Exercise ->
What you return must match the entries exactly, except that the pictures are gone.

Records drawn from a dataset ->
◆ ◆ ◆ ◆ ◆ ◆ ◆

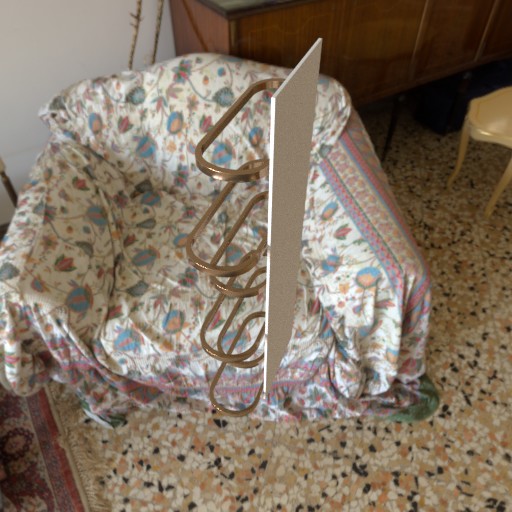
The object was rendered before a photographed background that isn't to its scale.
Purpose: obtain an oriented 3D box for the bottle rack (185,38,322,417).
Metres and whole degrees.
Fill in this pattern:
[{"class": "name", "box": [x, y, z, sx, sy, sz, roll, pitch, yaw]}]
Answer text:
[{"class": "bottle rack", "box": [0.000, 0.000, 0.804, 0.118, 0.709, 0.332, 16, 48, 15]}]
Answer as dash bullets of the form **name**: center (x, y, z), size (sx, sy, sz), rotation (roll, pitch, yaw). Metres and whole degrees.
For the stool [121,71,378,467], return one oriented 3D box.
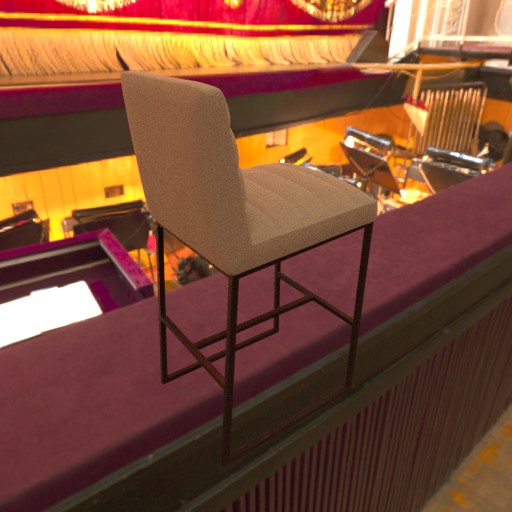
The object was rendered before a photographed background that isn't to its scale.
- **stool**: center (0.000, 0.000, 1.367), size (0.573, 1.061, 0.464), rotation (-18, 33, -31)
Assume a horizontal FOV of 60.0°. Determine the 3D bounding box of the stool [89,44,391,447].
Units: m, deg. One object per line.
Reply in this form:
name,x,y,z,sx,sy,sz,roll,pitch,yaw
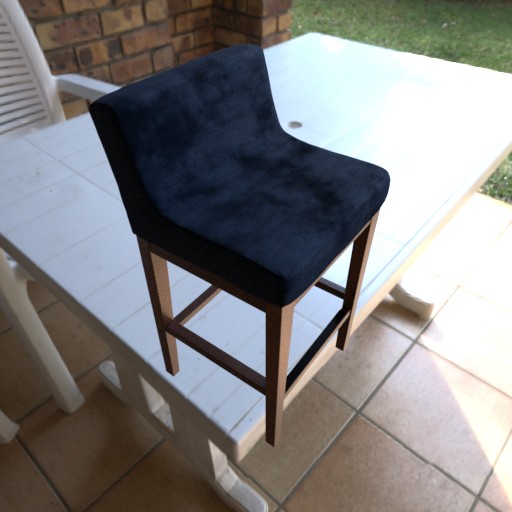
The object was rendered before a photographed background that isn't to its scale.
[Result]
stool,0.000,0.000,1.237,0.516,0.945,0.511,26,47,27
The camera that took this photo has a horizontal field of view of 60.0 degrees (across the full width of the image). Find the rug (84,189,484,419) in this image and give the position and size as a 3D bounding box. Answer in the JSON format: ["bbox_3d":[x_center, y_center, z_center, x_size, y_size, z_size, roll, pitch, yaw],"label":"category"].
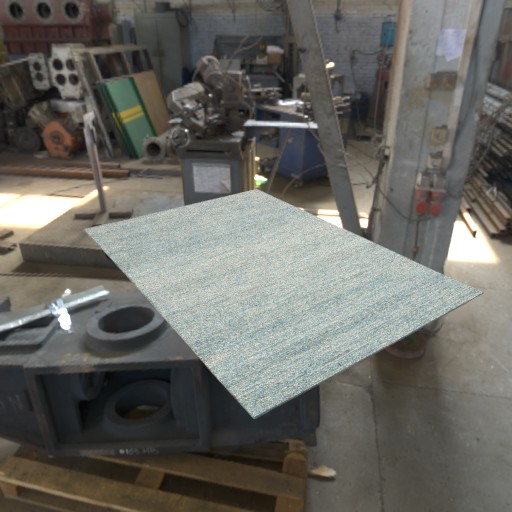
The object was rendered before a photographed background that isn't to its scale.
[{"bbox_3d":[0.000,0.000,2.943,1.611,0.026,2.260,-18,32,-31],"label":"rug"}]
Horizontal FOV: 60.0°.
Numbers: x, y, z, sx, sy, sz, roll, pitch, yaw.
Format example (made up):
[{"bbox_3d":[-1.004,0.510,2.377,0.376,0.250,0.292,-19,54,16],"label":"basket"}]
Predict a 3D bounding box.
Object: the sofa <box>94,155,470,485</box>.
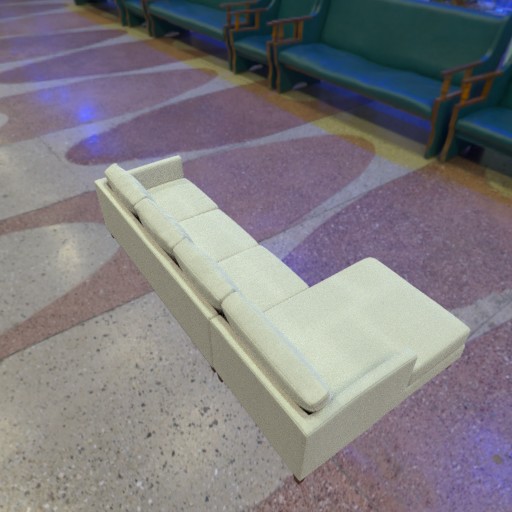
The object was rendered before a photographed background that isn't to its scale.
[{"bbox_3d":[0.000,0.000,3.835,1.625,0.861,3.186,-25,47,-26],"label":"sofa"}]
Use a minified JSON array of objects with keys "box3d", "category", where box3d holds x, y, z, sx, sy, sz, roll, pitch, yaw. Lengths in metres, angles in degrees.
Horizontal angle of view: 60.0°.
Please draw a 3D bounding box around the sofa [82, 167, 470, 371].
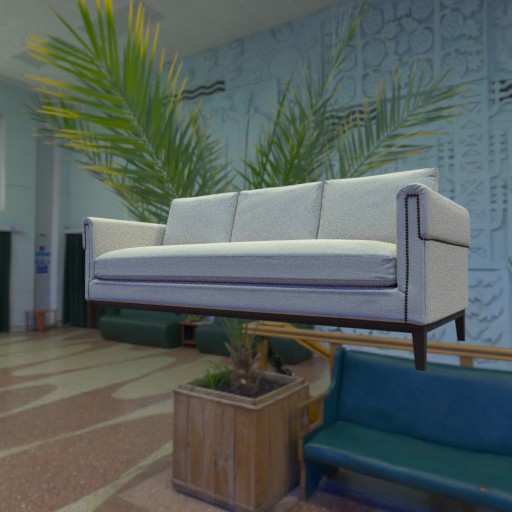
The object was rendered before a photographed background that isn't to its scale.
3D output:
[{"box3d":[0.000,0.000,2.628,2.198,0.911,0.902,-1,-2,35],"category":"sofa"}]
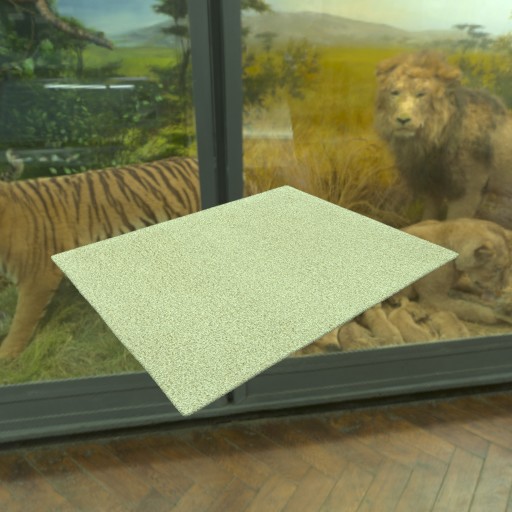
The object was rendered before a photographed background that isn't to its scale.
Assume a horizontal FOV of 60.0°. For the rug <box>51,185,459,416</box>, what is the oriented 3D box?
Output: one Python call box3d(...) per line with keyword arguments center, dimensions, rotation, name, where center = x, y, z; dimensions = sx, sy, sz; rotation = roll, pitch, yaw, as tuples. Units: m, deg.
box3d(center=(0.000, 0.000, 4.216), dimensions=(3.047, 0.029, 2.438), rotation=(-22, 36, -33), name="rug")
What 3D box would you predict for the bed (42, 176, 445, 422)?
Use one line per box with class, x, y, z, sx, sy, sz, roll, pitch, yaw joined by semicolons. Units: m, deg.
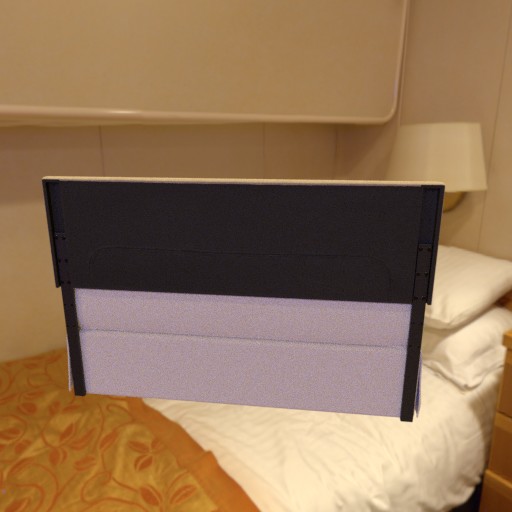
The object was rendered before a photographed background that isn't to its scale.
bed;0.000;0.000;3.340;2.170;1.346;1.914;2;16;7
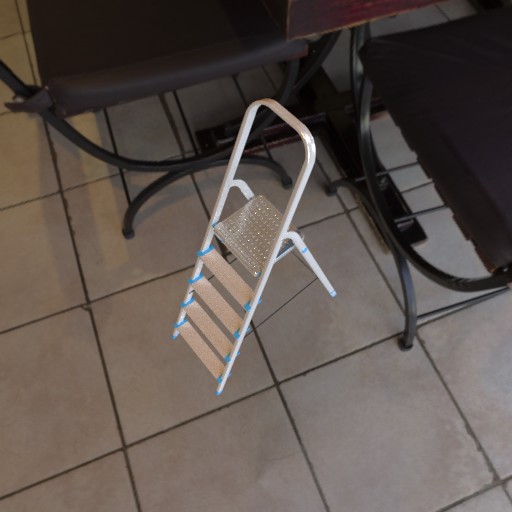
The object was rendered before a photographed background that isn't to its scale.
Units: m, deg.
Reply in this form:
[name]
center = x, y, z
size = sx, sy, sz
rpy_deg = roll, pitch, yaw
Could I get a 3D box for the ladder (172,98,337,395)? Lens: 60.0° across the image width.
[ladder]
center = 0.000, 0.000, 2.088
size = 0.990, 1.648, 0.468
rpy_deg = -37, 69, -17
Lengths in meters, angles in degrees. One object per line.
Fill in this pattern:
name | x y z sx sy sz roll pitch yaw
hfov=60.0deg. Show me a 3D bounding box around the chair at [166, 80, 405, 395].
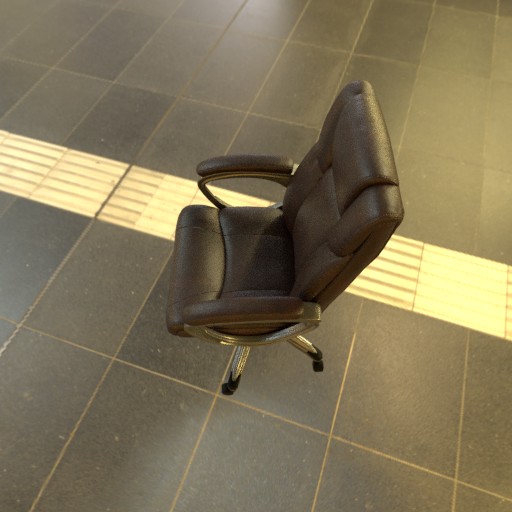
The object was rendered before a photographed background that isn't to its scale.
chair | 0.000 0.000 1.565 0.692 1.128 0.656 0 56 0
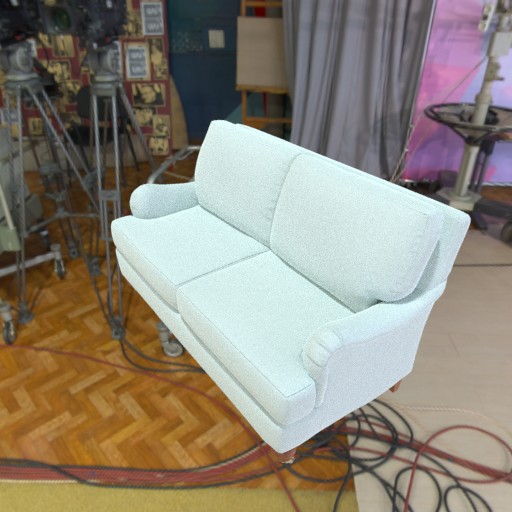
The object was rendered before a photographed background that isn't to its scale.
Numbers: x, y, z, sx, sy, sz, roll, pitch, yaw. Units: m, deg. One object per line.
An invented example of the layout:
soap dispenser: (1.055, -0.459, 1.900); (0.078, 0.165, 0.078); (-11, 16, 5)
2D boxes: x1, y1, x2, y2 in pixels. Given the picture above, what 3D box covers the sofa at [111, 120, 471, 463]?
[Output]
sofa: (0.000, 0.000, 2.532); (1.084, 1.101, 1.853); (-22, 38, -30)
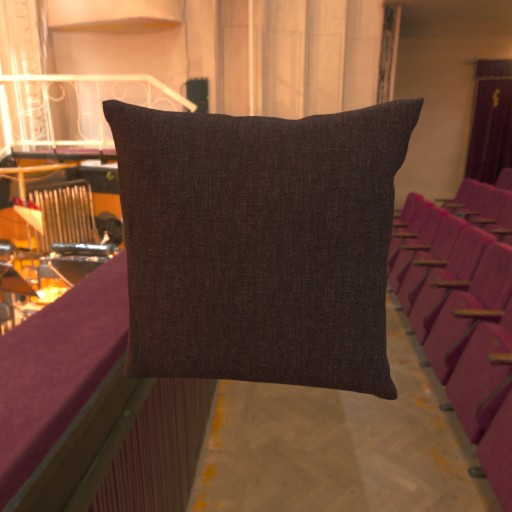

◆ ◆ ◆ ◆ ◆ ◆ ◆

Reply to the exercise ->
The object was rendered before a photographed background that isn't to its scale.
Purpose: obtain an oriented 3D box for the bottle rack (185,38,322,417).
Metres and whole degrees.
Fill in this pattern:
[{"class": "name", "box": [x, y, z, sx, sy, sz, roll, pitch, yaw]}]
Answer text:
[{"class": "bottle rack", "box": [0.000, 0.000, 0.804, 0.118, 0.709, 0.332, 16, 48, 15]}]
Answer as dash bullets of the form **name**: center (x, y, z), size (sx, sy, sz), rotation (roll, pitch, yaw). Metres and whole degrees.
For the stool [121,71,378,467], return one oriented 3D box.
The object was rendered before a photographed background that isn't to its scale.
- **stool**: center (0.000, 0.000, 1.367), size (0.573, 1.061, 0.464), rotation (-18, 33, -31)
Assume a horizontal FOV of 60.0°. Determine the 3D bounding box of the stool [89,44,391,447].
Units: m, deg. One object per line.
Reply in this form:
name,x,y,z,sx,sy,sz,roll,pitch,yaw
The object was rendered before a photographed background that isn't to its scale.
[Result]
stool,0.000,0.000,1.237,0.516,0.945,0.511,26,47,27
The camera that took this photo has a horizontal field of view of 60.0 degrees (across the full width of the image). Find the rug (84,189,484,419) in this image and give the position and size as a 3D bounding box. Answer in the JSON format: ["bbox_3d":[x_center, y_center, z_center, x_size, y_size, z_size, roll, pitch, yaw],"label":"category"].
The object was rendered before a photographed background that isn't to its scale.
[{"bbox_3d":[0.000,0.000,2.943,1.611,0.026,2.260,-18,32,-31],"label":"rug"}]
Horizontal FOV: 60.0°.
Numbers: x, y, z, sx, sy, sz, roll, pitch, yaw.
Format example (made up):
[{"bbox_3d":[-1.004,0.510,2.377,0.376,0.250,0.292,-19,54,16],"label":"basket"}]
Predict a 3D bounding box.
Object: the sofa <box>94,155,470,485</box>.
The object was rendered before a photographed background that isn't to its scale.
[{"bbox_3d":[0.000,0.000,3.835,1.625,0.861,3.186,-25,47,-26],"label":"sofa"}]
Use a minified JSON array of objects with keys "box3d", "category", where box3d holds x, y, z, sx, sy, sz, roll, pitch, yaw. Lengths in metres, angles in degrees.
Horizontal angle of view: 60.0°.
Please draw a 3D bounding box around the sofa [82, 167, 470, 371].
The object was rendered before a photographed background that isn't to its scale.
3D output:
[{"box3d":[0.000,0.000,2.628,2.198,0.911,0.902,-1,-2,35],"category":"sofa"}]
The object was rendered before a photographed background that isn't to its scale.
Assume a horizontal FOV of 60.0°. For the rug <box>51,185,459,416</box>, what is the oriented 3D box?
Output: one Python call box3d(...) per line with keyword arguments center, dimensions, rotation, name, where center = x, y, z; dimensions = sx, sy, sz; rotation = roll, pitch, yaw, as tuples. Units: m, deg.
box3d(center=(0.000, 0.000, 4.216), dimensions=(3.047, 0.029, 2.438), rotation=(-22, 36, -33), name="rug")
What 3D box would you predict for the bed (42, 176, 445, 422)?
Use one line per box with class, x, y, z, sx, sy, sz, roll, pitch, yaw joined by semicolons. Units: m, deg.
The object was rendered before a photographed background that isn't to its scale.
bed;0.000;0.000;3.340;2.170;1.346;1.914;2;16;7
The object was rendered before a photographed background that isn't to its scale.
Units: m, deg.
Reply in this form:
[name]
center = x, y, z
size = sx, sy, sz
rpy_deg = roll, pitch, yaw
Could I get a 3D box for the ladder (172,98,337,395)? Lens: 60.0° across the image width.
[ladder]
center = 0.000, 0.000, 2.088
size = 0.990, 1.648, 0.468
rpy_deg = -37, 69, -17
Lengths in meters, angles in degrees. One object per line.
Fill in this pattern:
name | x y z sx sy sz roll pitch yaw
hfov=60.0deg. Show me a 3D bounding box around the chair at [166, 80, 405, 395].
The object was rendered before a photographed background that isn't to its scale.
chair | 0.000 0.000 1.565 0.692 1.128 0.656 0 56 0
The object was rendered before a photographed background that isn't to its scale.
Numbers: x, y, z, sx, sy, sz, roll, pitch, yaw. Units: m, deg. One object per line.
An invented example of the layout:
soap dispenser: (1.055, -0.459, 1.900); (0.078, 0.165, 0.078); (-11, 16, 5)
2D boxes: x1, y1, x2, y2 in pixels. Given the picture above, what 3D box covers the sofa at [111, 120, 471, 463]?
[Output]
sofa: (0.000, 0.000, 2.532); (1.084, 1.101, 1.853); (-22, 38, -30)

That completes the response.